#### [Description of the task]
Records follow. Copy every line with "percussion".

BEGIN Exercise inputs

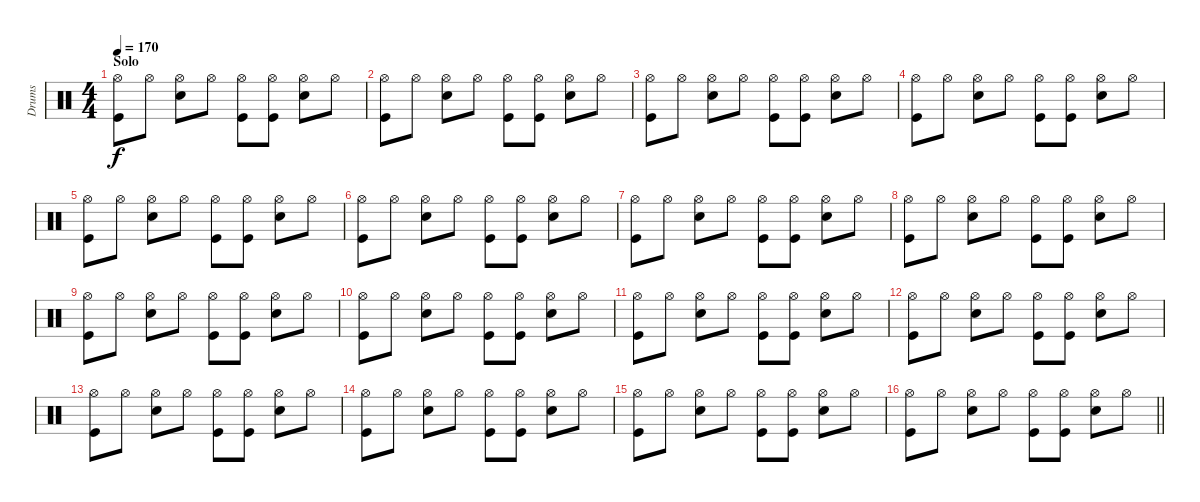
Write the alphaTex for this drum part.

\track ("Drums" "Drums") {instrument percussion}
\staff {score}
\articulation defaults
\ts (4 4)
\section ("" "Solo")
\tempo 170
\clef neutral
\ks c
("Hi-Hat (open)" "Kick (hit)").8{dy f} "Hi-Hat (open)".8 ("Hi-Hat (open)" "Snare (hit) 2").8 "Hi-Hat (open)".8 ("Hi-Hat (open)" "Kick (hit)").8 ("Hi-Hat (open)" "Kick (hit)").8 ("Hi-Hat (open)" "Snare (hit) 2").8 "Hi-Hat (open)".8 |
("Hi-Hat (open)" "Kick (hit)").8 "Hi-Hat (open)".8 ("Hi-Hat (open)" "Snare (hit) 2").8 "Hi-Hat (open)".8 ("Hi-Hat (open)" "Kick (hit)").8 ("Hi-Hat (open)" "Kick (hit)").8 ("Hi-Hat (open)" "Snare (hit) 2").8 "Hi-Hat (open)".8 |
("Hi-Hat (open)" "Kick (hit)").8 "Hi-Hat (open)".8 ("Hi-Hat (open)" "Snare (hit) 2").8 "Hi-Hat (open)".8 ("Hi-Hat (open)" "Kick (hit)").8 ("Hi-Hat (open)" "Kick (hit)").8 ("Hi-Hat (open)" "Snare (hit) 2").8 "Hi-Hat (open)".8 |
("Hi-Hat (open)" "Kick (hit)").8 "Hi-Hat (open)".8 ("Hi-Hat (open)" "Snare (hit) 2").8 "Hi-Hat (open)".8 ("Hi-Hat (open)" "Kick (hit)").8 ("Hi-Hat (open)" "Kick (hit)").8 ("Hi-Hat (open)" "Snare (hit) 2").8 "Hi-Hat (open)".8 |
("Hi-Hat (open)" "Kick (hit)").8 "Hi-Hat (open)".8 ("Hi-Hat (open)" "Snare (hit) 2").8 "Hi-Hat (open)".8 ("Hi-Hat (open)" "Kick (hit)").8 ("Hi-Hat (open)" "Kick (hit)").8 ("Hi-Hat (open)" "Snare (hit) 2").8 "Hi-Hat (open)".8 |
("Hi-Hat (open)" "Kick (hit)").8 "Hi-Hat (open)".8 ("Hi-Hat (open)" "Snare (hit) 2").8 "Hi-Hat (open)".8 ("Hi-Hat (open)" "Kick (hit)").8 ("Hi-Hat (open)" "Kick (hit)").8 ("Hi-Hat (open)" "Snare (hit) 2").8 "Hi-Hat (open)".8 |
("Hi-Hat (open)" "Kick (hit)").8 "Hi-Hat (open)".8 ("Hi-Hat (open)" "Snare (hit) 2").8 "Hi-Hat (open)".8 ("Hi-Hat (open)" "Kick (hit)").8 ("Hi-Hat (open)" "Kick (hit)").8 ("Hi-Hat (open)" "Snare (hit) 2").8 "Hi-Hat (open)".8 |
("Hi-Hat (open)" "Kick (hit)").8 "Hi-Hat (open)".8 ("Hi-Hat (open)" "Snare (hit) 2").8 "Hi-Hat (open)".8 ("Hi-Hat (open)" "Kick (hit)").8 ("Hi-Hat (open)" "Kick (hit)").8 ("Hi-Hat (open)" "Snare (hit) 2").8 "Hi-Hat (open)".8 |
("Hi-Hat (open)" "Kick (hit)").8 "Hi-Hat (open)".8 ("Hi-Hat (open)" "Snare (hit) 2").8 "Hi-Hat (open)".8 ("Hi-Hat (open)" "Kick (hit)").8 ("Hi-Hat (open)" "Kick (hit)").8 ("Hi-Hat (open)" "Snare (hit) 2").8 "Hi-Hat (open)".8 |
("Hi-Hat (open)" "Kick (hit)").8 "Hi-Hat (open)".8 ("Hi-Hat (open)" "Snare (hit) 2").8 "Hi-Hat (open)".8 ("Hi-Hat (open)" "Kick (hit)").8 ("Hi-Hat (open)" "Kick (hit)").8 ("Hi-Hat (open)" "Snare (hit) 2").8 "Hi-Hat (open)".8 |
("Hi-Hat (open)" "Kick (hit)").8 "Hi-Hat (open)".8 ("Hi-Hat (open)" "Snare (hit) 2").8 "Hi-Hat (open)".8 ("Hi-Hat (open)" "Kick (hit)").8 ("Hi-Hat (open)" "Kick (hit)").8 ("Hi-Hat (open)" "Snare (hit) 2").8 "Hi-Hat (open)".8 |
("Hi-Hat (open)" "Kick (hit)").8 "Hi-Hat (open)".8 ("Hi-Hat (open)" "Snare (hit) 2").8 "Hi-Hat (open)".8 ("Hi-Hat (open)" "Kick (hit)").8 ("Hi-Hat (open)" "Kick (hit)").8 ("Hi-Hat (open)" "Snare (hit) 2").8 "Hi-Hat (open)".8 |
("Hi-Hat (open)" "Kick (hit)").8 "Hi-Hat (open)".8 ("Hi-Hat (open)" "Snare (hit) 2").8 "Hi-Hat (open)".8 ("Hi-Hat (open)" "Kick (hit)").8 ("Hi-Hat (open)" "Kick (hit)").8 ("Hi-Hat (open)" "Snare (hit) 2").8 "Hi-Hat (open)".8 |
("Hi-Hat (open)" "Kick (hit)").8 "Hi-Hat (open)".8 ("Hi-Hat (open)" "Snare (hit) 2").8 "Hi-Hat (open)".8 ("Hi-Hat (open)" "Kick (hit)").8 ("Hi-Hat (open)" "Kick (hit)").8 ("Hi-Hat (open)" "Snare (hit) 2").8 "Hi-Hat (open)".8 |
("Hi-Hat (open)" "Kick (hit)").8 "Hi-Hat (open)".8 ("Hi-Hat (open)" "Snare (hit) 2").8 "Hi-Hat (open)".8 ("Hi-Hat (open)" "Kick (hit)").8 ("Hi-Hat (open)" "Kick (hit)").8 ("Hi-Hat (open)" "Snare (hit) 2").8 "Hi-Hat (open)".8 |
\barLineRight lightlight
("Hi-Hat (open)" "Kick (hit)").8 "Hi-Hat (open)".8 ("Hi-Hat (open)" "Snare (hit) 2").8 "Hi-Hat (open)".8 ("Hi-Hat (open)" "Kick (hit)").8 ("Hi-Hat (open)" "Kick (hit)").8 ("Hi-Hat (open)" "Snare (hit) 2").8 "Hi-Hat (open)".8
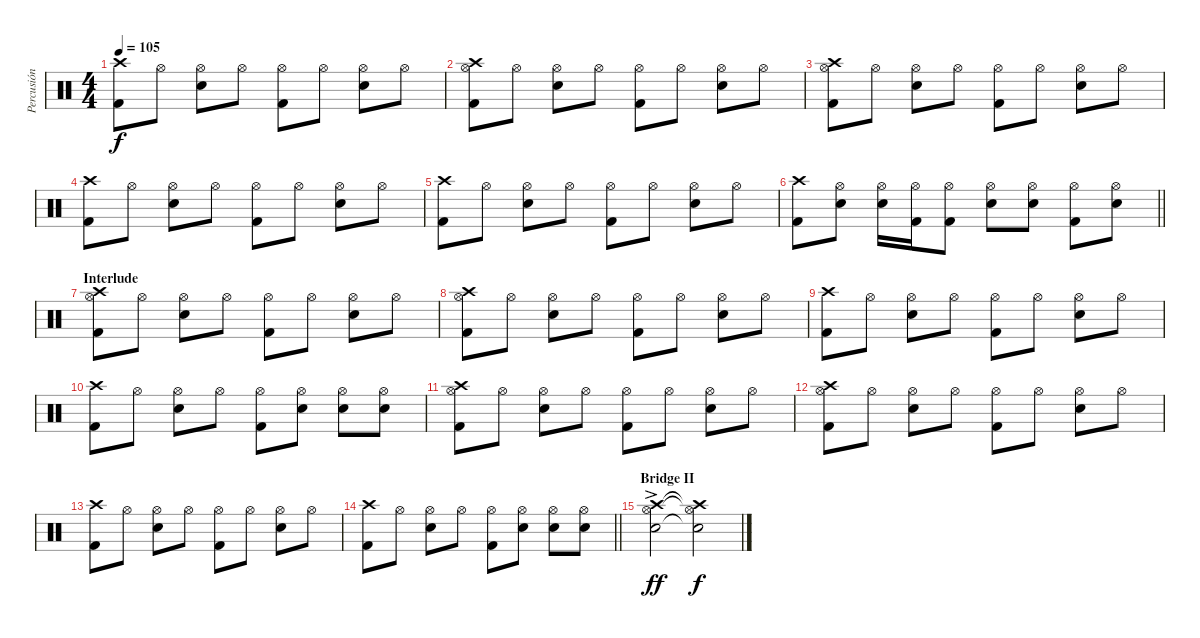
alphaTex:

\track ("Percusión" "Percusión") {instrument percussion}
\staff {score}
\articulation defaults
\ts (4 4)
\tempo 105
\clef neutral
\ks c
("Crash high (hit)" "Kick (hit) 2").8{dy f} "Hi-Hat (open)".8 ("Hi-Hat (open)" "Snare (hit) 2").8 "Hi-Hat (open)".8 ("Hi-Hat (open)" "Kick (hit) 2").8 "Hi-Hat (open)".8 ("Hi-Hat (open)" "Snare (hit) 2").8 "Hi-Hat (open)".8 |
("Hi-Hat (open)" "Kick (hit) 2" "Crash high (hit)").8 "Hi-Hat (open)".8 ("Hi-Hat (open)" "Snare (hit) 2").8 "Hi-Hat (open)".8 ("Hi-Hat (open)" "Kick (hit) 2").8 "Hi-Hat (open)".8 ("Hi-Hat (open)" "Snare (hit) 2").8 "Hi-Hat (open)".8 |
("Hi-Hat (open)" "Kick (hit) 2" "Crash high (hit)").8 "Hi-Hat (open)".8 ("Hi-Hat (open)" "Snare (hit) 2").8 "Hi-Hat (open)".8 ("Hi-Hat (open)" "Kick (hit) 2").8 "Hi-Hat (open)".8 ("Hi-Hat (open)" "Snare (hit) 2").8 "Hi-Hat (open)".8 |
("Crash high (hit)" "Kick (hit) 2").8 "Hi-Hat (open)".8 ("Hi-Hat (open)" "Snare (hit) 2").8 "Hi-Hat (open)".8 ("Hi-Hat (open)" "Kick (hit) 2").8 "Hi-Hat (open)".8 ("Hi-Hat (open)" "Snare (hit) 2").8 "Hi-Hat (open)".8 |
("Crash high (hit)" "Kick (hit) 2").8 "Hi-Hat (open)".8 ("Hi-Hat (open)" "Snare (hit) 2").8 "Hi-Hat (open)".8 ("Hi-Hat (open)" "Kick (hit) 2").8 "Hi-Hat (open)".8 ("Hi-Hat (open)" "Snare (hit) 2").8 "Hi-Hat (open)".8 |
\barLineRight lightlight
("Crash high (hit)" "Kick (hit) 2").8 ("Hi-Hat (open)" "Snare (hit) 2").8 ("Hi-Hat (open)" "Snare (hit) 2").16 ("Hi-Hat (open)" "Kick (hit) 2").16 ("Hi-Hat (open)" "Kick (hit) 2").8 ("Hi-Hat (open)" "Snare (hit) 2").8 ("Hi-Hat (open)" "Snare (hit) 2").8 ("Hi-Hat (open)" "Kick (hit) 2").8 ("Hi-Hat (open)" "Snare (hit) 2").8 |
\section ("" "Interlude")
("Hi-Hat (open)" "Kick (hit) 2" "Crash high (hit)").8 "Hi-Hat (open)".8 ("Hi-Hat (open)" "Snare (hit) 2").8 "Hi-Hat (open)".8 ("Hi-Hat (open)" "Kick (hit) 2").8 "Hi-Hat (open)".8 ("Hi-Hat (open)" "Snare (hit) 2").8 "Hi-Hat (open)".8 |
("Hi-Hat (open)" "Kick (hit) 2" "Crash high (hit)").8 "Hi-Hat (open)".8 ("Hi-Hat (open)" "Snare (hit) 2").8 "Hi-Hat (open)".8 ("Hi-Hat (open)" "Kick (hit) 2").8 "Hi-Hat (open)".8 ("Hi-Hat (open)" "Snare (hit) 2").8 "Hi-Hat (open)".8 |
("Crash high (hit)" "Kick (hit) 2").8 "Hi-Hat (open)".8 ("Hi-Hat (open)" "Snare (hit) 2").8 "Hi-Hat (open)".8 ("Hi-Hat (open)" "Kick (hit) 2").8 "Hi-Hat (open)".8 ("Hi-Hat (open)" "Snare (hit) 2").8 "Hi-Hat (open)".8 |
("Crash high (hit)" "Kick (hit) 2").8 "Hi-Hat (open)".8 ("Hi-Hat (open)" "Snare (hit) 2").8 "Hi-Hat (open)".8 ("Hi-Hat (open)" "Kick (hit) 2").8 ("Hi-Hat (open)" "Snare (hit) 2").8 ("Hi-Hat (open)" "Snare (hit) 2").8 ("Hi-Hat (open)" "Snare (hit) 2").8 |
("Hi-Hat (open)" "Kick (hit) 2" "Crash high (hit)").8 "Hi-Hat (open)".8 ("Hi-Hat (open)" "Snare (hit) 2").8 "Hi-Hat (open)".8 ("Hi-Hat (open)" "Kick (hit) 2").8 "Hi-Hat (open)".8 ("Hi-Hat (open)" "Snare (hit) 2").8 "Hi-Hat (open)".8 |
("Hi-Hat (open)" "Kick (hit) 2" "Crash high (hit)").8 "Hi-Hat (open)".8 ("Hi-Hat (open)" "Snare (hit) 2").8 "Hi-Hat (open)".8 ("Hi-Hat (open)" "Kick (hit) 2").8 "Hi-Hat (open)".8 ("Hi-Hat (open)" "Snare (hit) 2").8 "Hi-Hat (open)".8 |
("Crash high (hit)" "Kick (hit) 2").8 "Hi-Hat (open)".8 ("Hi-Hat (open)" "Snare (hit) 2").8 "Hi-Hat (open)".8 ("Hi-Hat (open)" "Kick (hit) 2").8 "Hi-Hat (open)".8 ("Hi-Hat (open)" "Snare (hit) 2").8 "Hi-Hat (open)".8 |
\barLineRight lightlight
("Crash high (hit)" "Kick (hit) 2").8 "Hi-Hat (open)".8 ("Hi-Hat (open)" "Snare (hit) 2").8 "Hi-Hat (open)".8 ("Hi-Hat (open)" "Kick (hit) 2").8 ("Hi-Hat (open)" "Snare (hit) 2").8 ("Hi-Hat (open)" "Snare (hit) 2").8 ("Hi-Hat (open)" "Snare (hit) 2").8 |
\section ("" "Bridge II")
("Crash high (hit)" "Snare (hit) 2"{ac} "Hi-Hat (open)").2{dy ff} ("Crash high (hit)"{t} "Snare (hit) 2"{t} "Hi-Hat (open)"{t}).2{dy f}
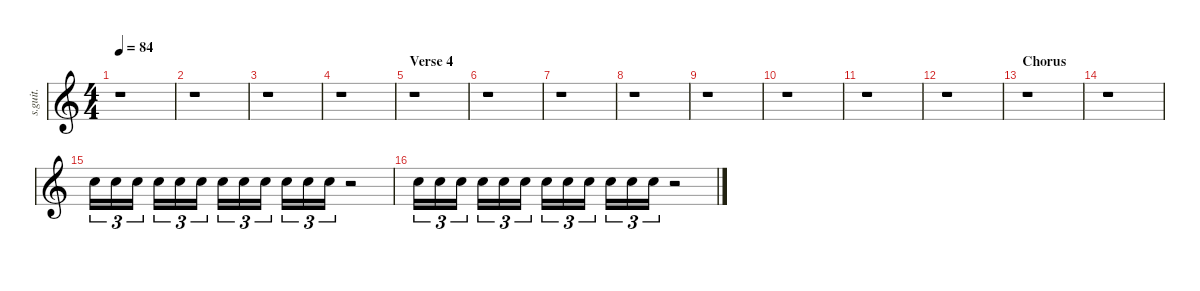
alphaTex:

\defaultSystemsLayout 4
\hideDynamics
\bracketExtendMode nobrackets
\track ("RIngo Starr - Hand Claps" "s.guit.") {instrument percussion}
\staff {score}
\articulation defaults
\ts (4 4)
\tempo 84
\clef g2
\ks c
r.1{dy pp} |
r.1 |
r.1 |
r.1 |
\section ("" "Verse 4")
r.1 |
r.1 |
r.1 |
r.1 |
r.1 |
r.1 |
r.1 |
r.1 |
\section ("" "Chorus")
r.1 |
r.1 |
"Hand Clap (hit)".16{tu (3 2) lyrics (0 "") lyrics (1 "") lyrics (2 "") lyrics (3 "") lyrics (4 "") dy mf} "Hand Clap (hit)".16{tu (3 2) lyrics (0 "") lyrics (1 "") lyrics (2 "") lyrics (3 "") lyrics (4 "")} "Hand Clap (hit)".16{tu (3 2) lyrics (0 "") lyrics (1 "") lyrics (2 "") lyrics (3 "") lyrics (4 "")} "Hand Clap (hit)".16{tu (3 2) lyrics (0 "") lyrics (1 "") lyrics (2 "") lyrics (3 "") lyrics (4 "") dy mp} "Hand Clap (hit)".16{tu (3 2) lyrics (0 "") lyrics (1 "") lyrics (2 "") lyrics (3 "") lyrics (4 "")} "Hand Clap (hit)".16{tu (3 2) lyrics (0 "") lyrics (1 "") lyrics (2 "") lyrics (3 "") lyrics (4 "")} "Hand Clap (hit)".16{tu (3 2) lyrics (0 "") lyrics (1 "") lyrics (2 "") lyrics (3 "") lyrics (4 "") dy p} "Hand Clap (hit)".16{tu (3 2) lyrics (0 "") lyrics (1 "") lyrics (2 "") lyrics (3 "") lyrics (4 "")} "Hand Clap (hit)".16{tu (3 2) lyrics (0 "") lyrics (1 "") lyrics (2 "") lyrics (3 "") lyrics (4 "")} "Hand Clap (hit)".16{tu (3 2) lyrics (0 "") lyrics (1 "") lyrics (2 "") lyrics (3 "") lyrics (4 "") dy pp} "Hand Clap (hit)".16{tu (3 2) lyrics (0 "") lyrics (1 "") lyrics (2 "") lyrics (3 "") lyrics (4 "")} "Hand Clap (hit)".16{tu (3 2) lyrics (0 "") lyrics (1 "") lyrics (2 "") lyrics (3 "") lyrics (4 "")} r.2 |
"Hand Clap (hit)".16{tu (3 2) lyrics (0 "") lyrics (1 "") lyrics (2 "") lyrics (3 "") lyrics (4 "") dy mf} "Hand Clap (hit)".16{tu (3 2) lyrics (0 "") lyrics (1 "") lyrics (2 "") lyrics (3 "") lyrics (4 "")} "Hand Clap (hit)".16{tu (3 2) lyrics (0 "") lyrics (1 "") lyrics (2 "") lyrics (3 "") lyrics (4 "")} "Hand Clap (hit)".16{tu (3 2) lyrics (0 "") lyrics (1 "") lyrics (2 "") lyrics (3 "") lyrics (4 "") dy mp} "Hand Clap (hit)".16{tu (3 2) lyrics (0 "") lyrics (1 "") lyrics (2 "") lyrics (3 "") lyrics (4 "")} "Hand Clap (hit)".16{tu (3 2) lyrics (0 "") lyrics (1 "") lyrics (2 "") lyrics (3 "") lyrics (4 "")} "Hand Clap (hit)".16{tu (3 2) lyrics (0 "") lyrics (1 "") lyrics (2 "") lyrics (3 "") lyrics (4 "") dy p} "Hand Clap (hit)".16{tu (3 2) lyrics (0 "") lyrics (1 "") lyrics (2 "") lyrics (3 "") lyrics (4 "")} "Hand Clap (hit)".16{tu (3 2) lyrics (0 "") lyrics (1 "") lyrics (2 "") lyrics (3 "") lyrics (4 "")} "Hand Clap (hit)".16{tu (3 2) lyrics (0 "") lyrics (1 "") lyrics (2 "") lyrics (3 "") lyrics (4 "") dy pp} "Hand Clap (hit)".16{tu (3 2) lyrics (0 "") lyrics (1 "") lyrics (2 "") lyrics (3 "") lyrics (4 "")} "Hand Clap (hit)".16{tu (3 2) lyrics (0 "") lyrics (1 "") lyrics (2 "") lyrics (3 "") lyrics (4 "")} r.2

END Exercise inputs

#### [Response for this exercise]
\track ("Drums" "Drums") {instrument percussion}
\track ("Percusión" "Percusión") {instrument percussion}
\track ("RIngo Starr - Hand Claps" "s.guit.") {instrument percussion}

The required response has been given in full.